Entries taken from a collection
----------
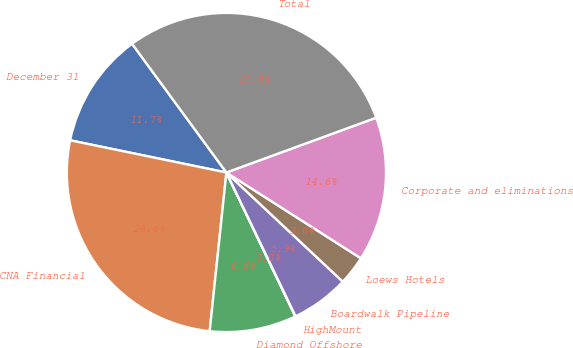Convert chart. <chart><loc_0><loc_0><loc_500><loc_500><pie_chart><fcel>December 31<fcel>CNA Financial<fcel>Diamond Offshore<fcel>HighMount<fcel>Boardwalk Pipeline<fcel>Loews Hotels<fcel>Corporate and eliminations<fcel>Total<nl><fcel>11.7%<fcel>26.56%<fcel>8.78%<fcel>0.03%<fcel>5.87%<fcel>2.95%<fcel>14.62%<fcel>29.48%<nl></chart> 
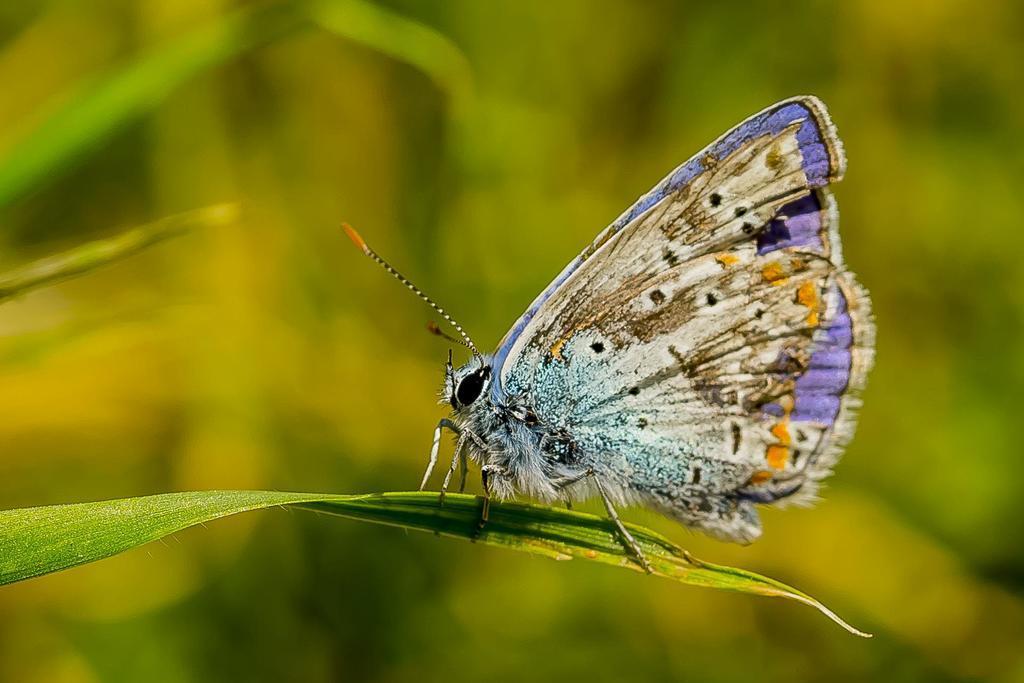In one or two sentences, can you explain what this image depicts? In the center of the image we can see butterfly on the plant. 
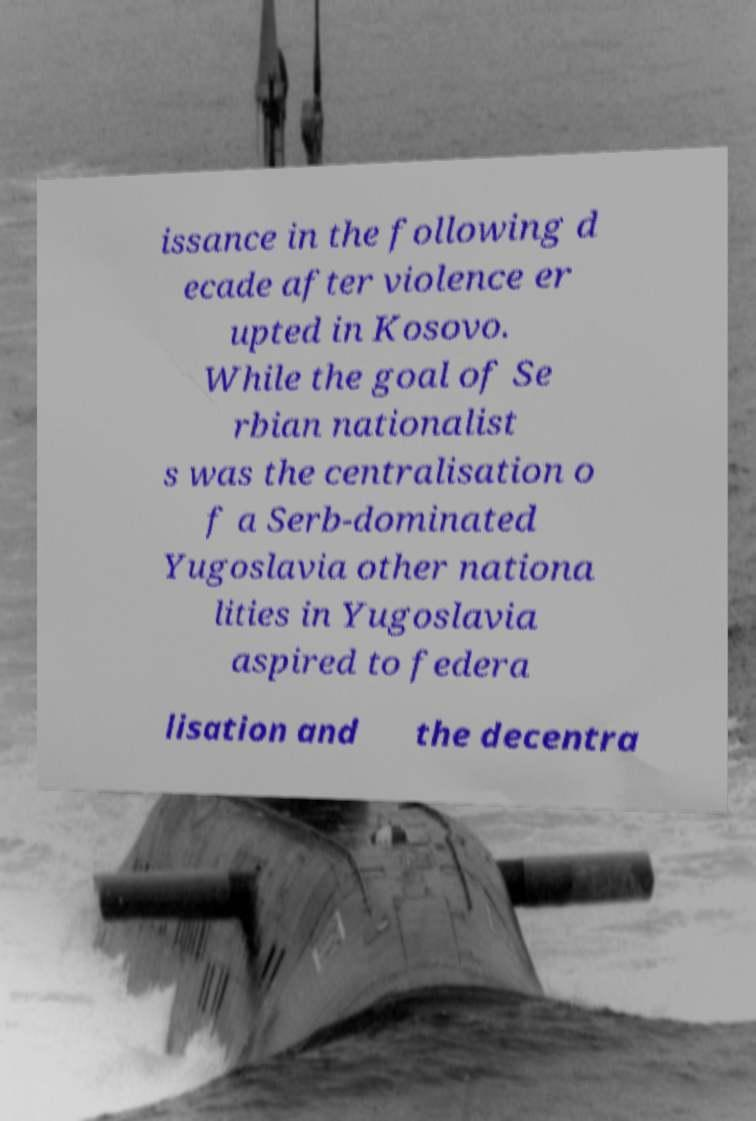There's text embedded in this image that I need extracted. Can you transcribe it verbatim? issance in the following d ecade after violence er upted in Kosovo. While the goal of Se rbian nationalist s was the centralisation o f a Serb-dominated Yugoslavia other nationa lities in Yugoslavia aspired to federa lisation and the decentra 
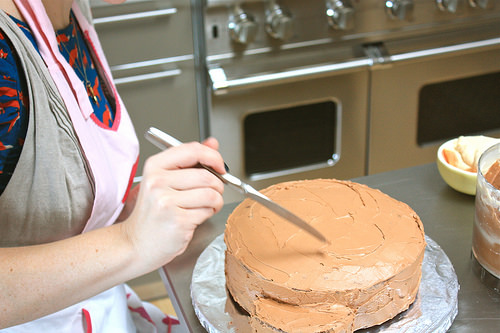<image>
Is there a cake on the table? Yes. Looking at the image, I can see the cake is positioned on top of the table, with the table providing support. Where is the cake in relation to the oven? Is it behind the oven? No. The cake is not behind the oven. From this viewpoint, the cake appears to be positioned elsewhere in the scene. Where is the baker in relation to the cake? Is it above the cake? Yes. The baker is positioned above the cake in the vertical space, higher up in the scene. 
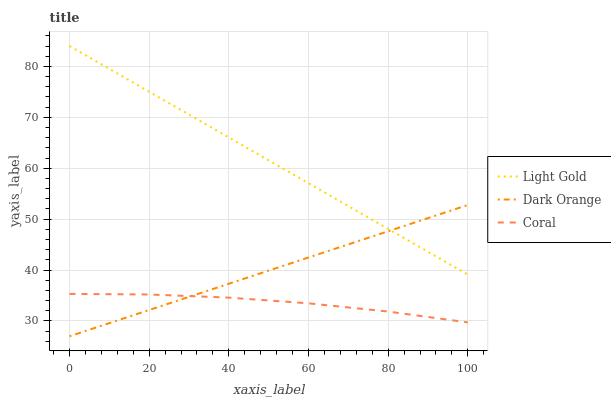Does Coral have the minimum area under the curve?
Answer yes or no. Yes. Does Light Gold have the maximum area under the curve?
Answer yes or no. Yes. Does Light Gold have the minimum area under the curve?
Answer yes or no. No. Does Coral have the maximum area under the curve?
Answer yes or no. No. Is Dark Orange the smoothest?
Answer yes or no. Yes. Is Coral the roughest?
Answer yes or no. Yes. Is Light Gold the smoothest?
Answer yes or no. No. Is Light Gold the roughest?
Answer yes or no. No. Does Coral have the lowest value?
Answer yes or no. No. Does Light Gold have the highest value?
Answer yes or no. Yes. Does Coral have the highest value?
Answer yes or no. No. Is Coral less than Light Gold?
Answer yes or no. Yes. Is Light Gold greater than Coral?
Answer yes or no. Yes. Does Coral intersect Dark Orange?
Answer yes or no. Yes. Is Coral less than Dark Orange?
Answer yes or no. No. Is Coral greater than Dark Orange?
Answer yes or no. No. Does Coral intersect Light Gold?
Answer yes or no. No. 
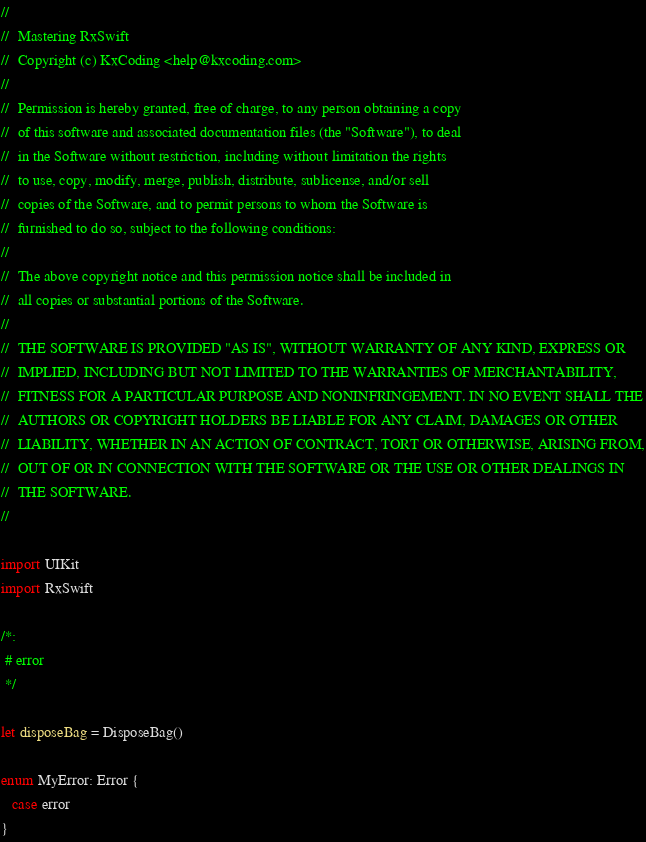Convert code to text. <code><loc_0><loc_0><loc_500><loc_500><_Swift_>//
//  Mastering RxSwift
//  Copyright (c) KxCoding <help@kxcoding.com>
//
//  Permission is hereby granted, free of charge, to any person obtaining a copy
//  of this software and associated documentation files (the "Software"), to deal
//  in the Software without restriction, including without limitation the rights
//  to use, copy, modify, merge, publish, distribute, sublicense, and/or sell
//  copies of the Software, and to permit persons to whom the Software is
//  furnished to do so, subject to the following conditions:
//
//  The above copyright notice and this permission notice shall be included in
//  all copies or substantial portions of the Software.
//
//  THE SOFTWARE IS PROVIDED "AS IS", WITHOUT WARRANTY OF ANY KIND, EXPRESS OR
//  IMPLIED, INCLUDING BUT NOT LIMITED TO THE WARRANTIES OF MERCHANTABILITY,
//  FITNESS FOR A PARTICULAR PURPOSE AND NONINFRINGEMENT. IN NO EVENT SHALL THE
//  AUTHORS OR COPYRIGHT HOLDERS BE LIABLE FOR ANY CLAIM, DAMAGES OR OTHER
//  LIABILITY, WHETHER IN AN ACTION OF CONTRACT, TORT OR OTHERWISE, ARISING FROM,
//  OUT OF OR IN CONNECTION WITH THE SOFTWARE OR THE USE OR OTHER DEALINGS IN
//  THE SOFTWARE.
//

import UIKit
import RxSwift

/*:
 # error
 */

let disposeBag = DisposeBag()

enum MyError: Error {
   case error
}












</code> 
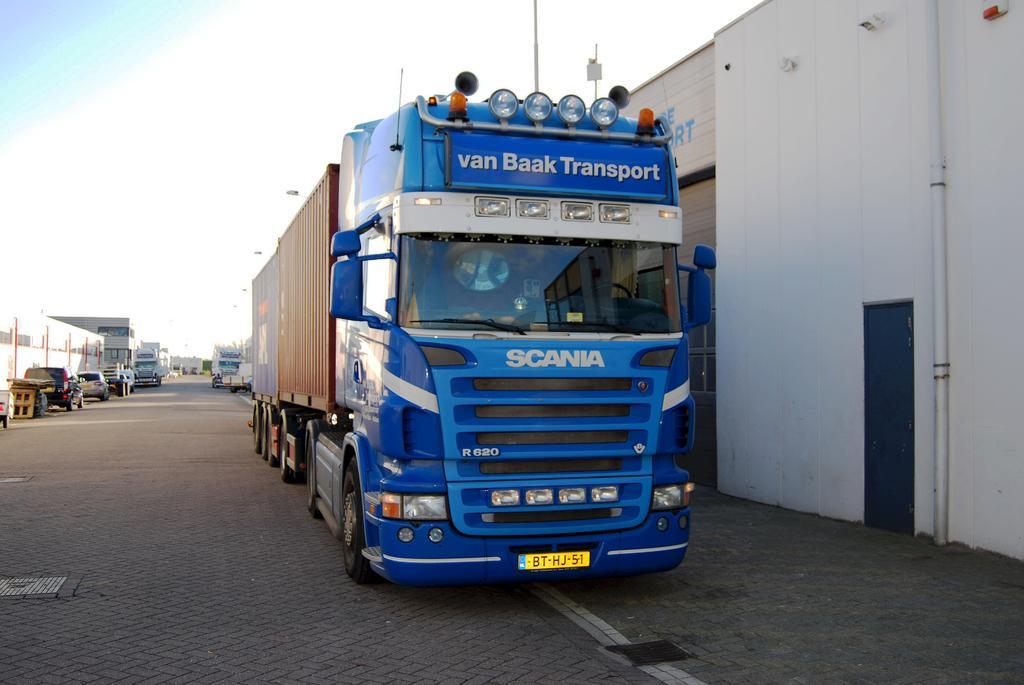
----------
Your instructions
The output must match, line for line, the span from the line containing "let disposeBag = DisposeBag()" through the end of the data, with the pictures removed.

Answer box
let disposeBag = DisposeBag()

enum MyError: Error {
   case error
}












</code> 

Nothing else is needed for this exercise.